Here are some links for knots. When using braid lines they tend to cut themselves in the knot when the braid "slides". Getting the knots tight using bare fingers may not always work so I use the Daiichi Seiko finger saver rings to cinch braid knots down nice and tight.


----------



## jaysmith850 (Aug 23, 2013)

yeah im tying a albright knot i saw on youtube. but i dont think the knot is slipping more like snapping. ill check out those other knots when i get a chance for sure.


----------



## amarcafina (Aug 24, 2008)

Check your Guides Real close , may have a Nick in one that cuttung the line on a heavy casting


----------



## 49913 (Apr 18, 2014)

I'm with the guys tieing the Crazy Alberto. I have had exactly the same experience trying to tie an Albright on braid to fluoro.


----------



## ranger250x (May 30, 2015)

Inspect your braid just before the knot for chafing and frays. Sometimes i get that damage from needle fish. The flurocarbon may even have damage around the knot area. I hate it when something hits my "knot"!:shifty:


----------



## kanaka (Oct 3, 2007)

Since you're in C-view, P-M me and come on over to do some tying.


----------



## jaysmith850 (Aug 23, 2013)

kanaka i may have to take you up on that if i cant get this figured out lol.

though when i brought my rods in tonight i checked out the end of my line and my knot is still formed and it looked as if it slipped as the night wore on. im going to try the crazy alberto with the shorter 18'' leader and see if keeping the knot out of the guides helps any. trial and error i suppose


----------



## a (Oct 2, 2007)

id move up to a 30# leader....


----------



## LIM-IT-OUT (Aug 26, 2014)

When tightening the albright start by spreading/thinning your knot then pull the tag ends then tighten main line.
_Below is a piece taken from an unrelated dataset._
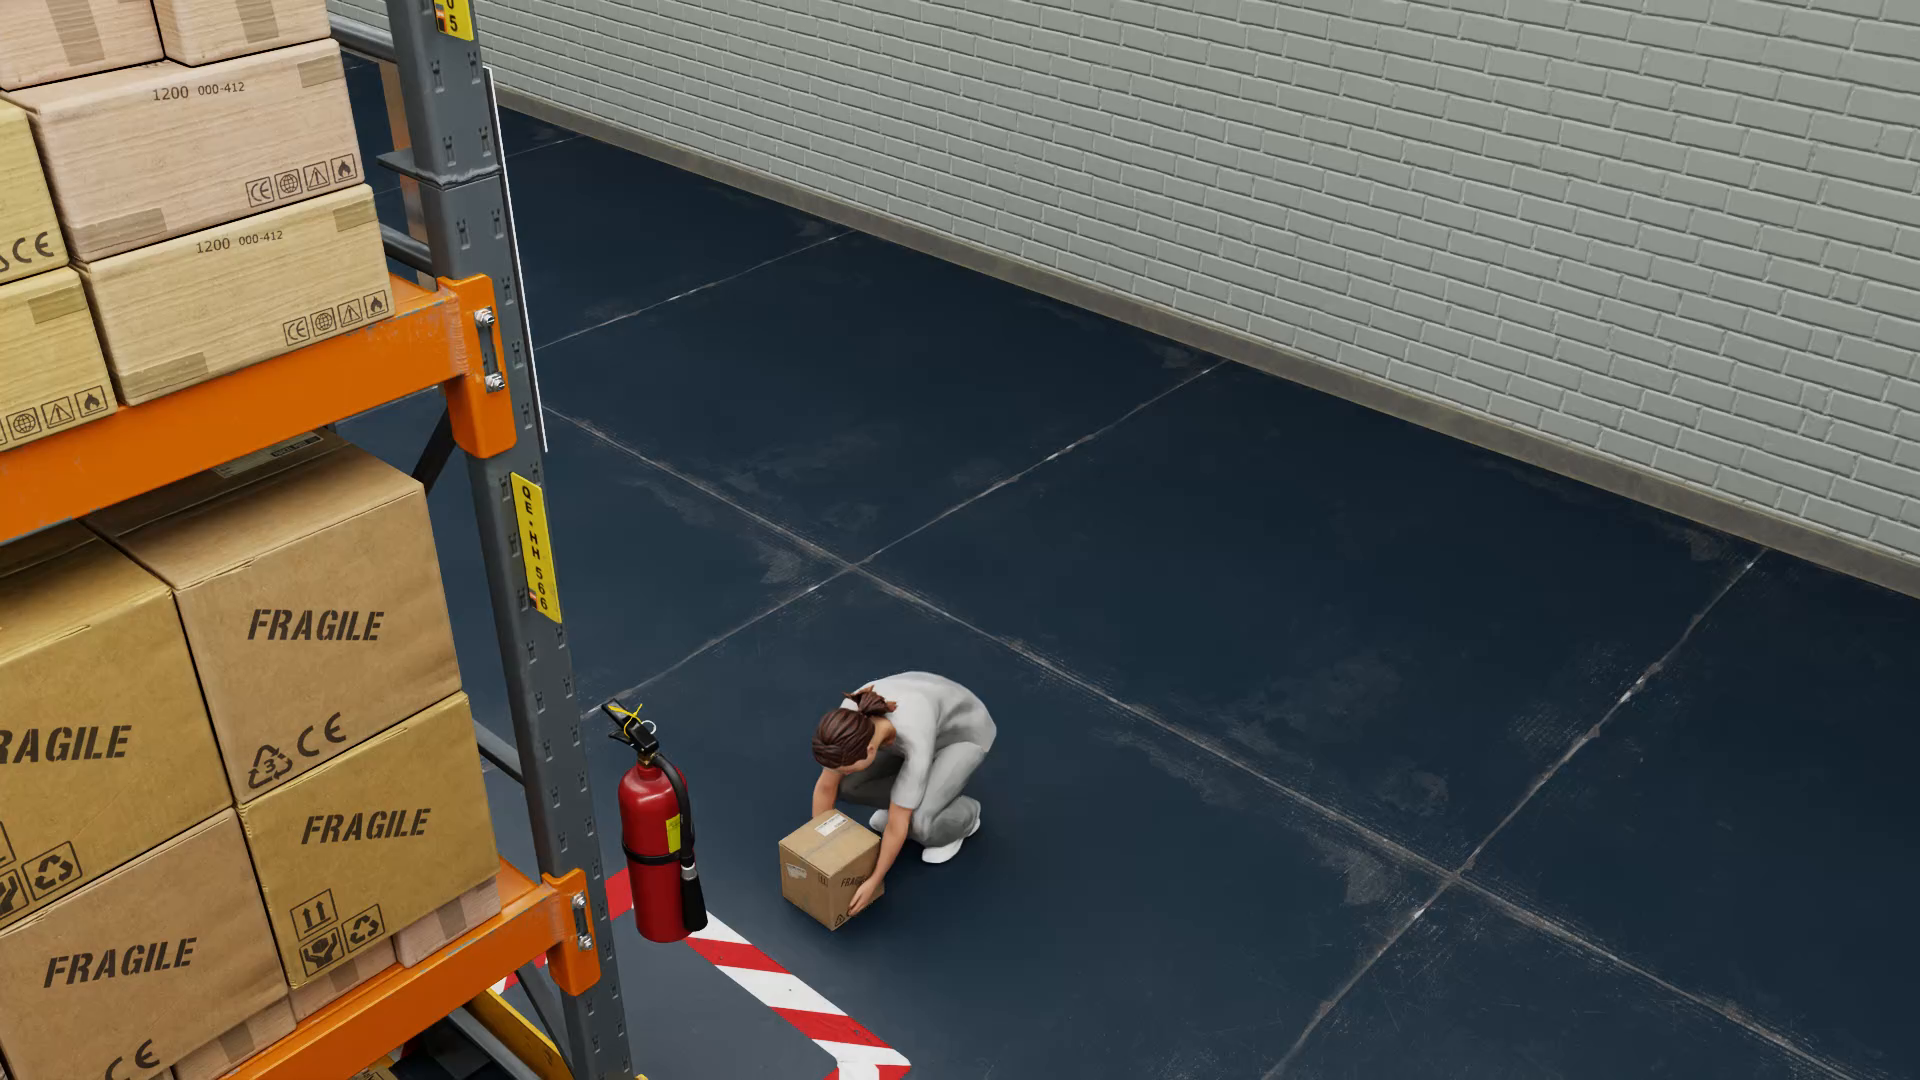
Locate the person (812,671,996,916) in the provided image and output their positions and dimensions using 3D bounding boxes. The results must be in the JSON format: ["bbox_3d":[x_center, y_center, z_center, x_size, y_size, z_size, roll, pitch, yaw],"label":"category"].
[{"bbox_3d":[-0.211,0.766,5.731,0.478,0.805,0.804,25,40,35],"label":"person"}]

The albright is a very good knot. If tied correctly the knot is not your problem. 
I use 30lb braid to 20lb fluro, just started tieing the albright due to a new rod having smaller guides. I also use a 6ft leader. I must have made 1000 casts in 2 days landing about a dozen reds. In those 2 days I never retied my leader knot... maybe its time to... but take a closer look to how you tie your knots and inspect the guides for knicks. 

When I tie my leader knot I like to set the knot just b4 my first guide ahead of the reel and leave 10" of line past rod tip....


----------



## a (Oct 2, 2007)

jaysmith850 said:


> usually at the knot. but i feel like i tie good knots. i usually tie my leaders the night before and take my time and do what i feel is a good albright 20lb pp to, i like a longer leader so about 6ft 20lb flouro/mono wetting the knot and everything lol. but on many occasions ive fished for 2 hours or so then went to make a strong cast and thwack $10+ lure or a $2-3 jig head set up goes flying into the darkness. it has proven to be pretty expensive this year and was wondering what is a technique to minimize this from happening.
> 
> ive been wondering if because of the longer leader it could be from my knot beating its way through the guides but ive also had it happen when i run a shorter leader(12-18'') and have the braid all the way out past the tip?



BRAID SUCKS:thumbdown: It will wrap around your stripping guide. .....What good is it if you have to use 80lb to rely on it not to knot up, kinda defeats its purpose......Im going back to mono exclusively....tired of throwing off Unfair lures in the dark


----------



## 49913 (Apr 18, 2014)

Note on Crazy Alberto: do NOT trim tag end of leader flush with knot. The knot makes the tag end lay perfectly next to the leader, so leave maybe, a 16th. sticking out of the knot.


----------



## markbxr400 (Jul 23, 2013)

amarcafina said:


> Check your Guides Real close , may have a Nick in one that cuttung the line on a heavy casting



^^^ This. Also, you haven't mentioned what type rod you are using. I tie a similar length leader (usually 8-9' tied with a double uni) so am reeling the knot up through the guides just to the reel.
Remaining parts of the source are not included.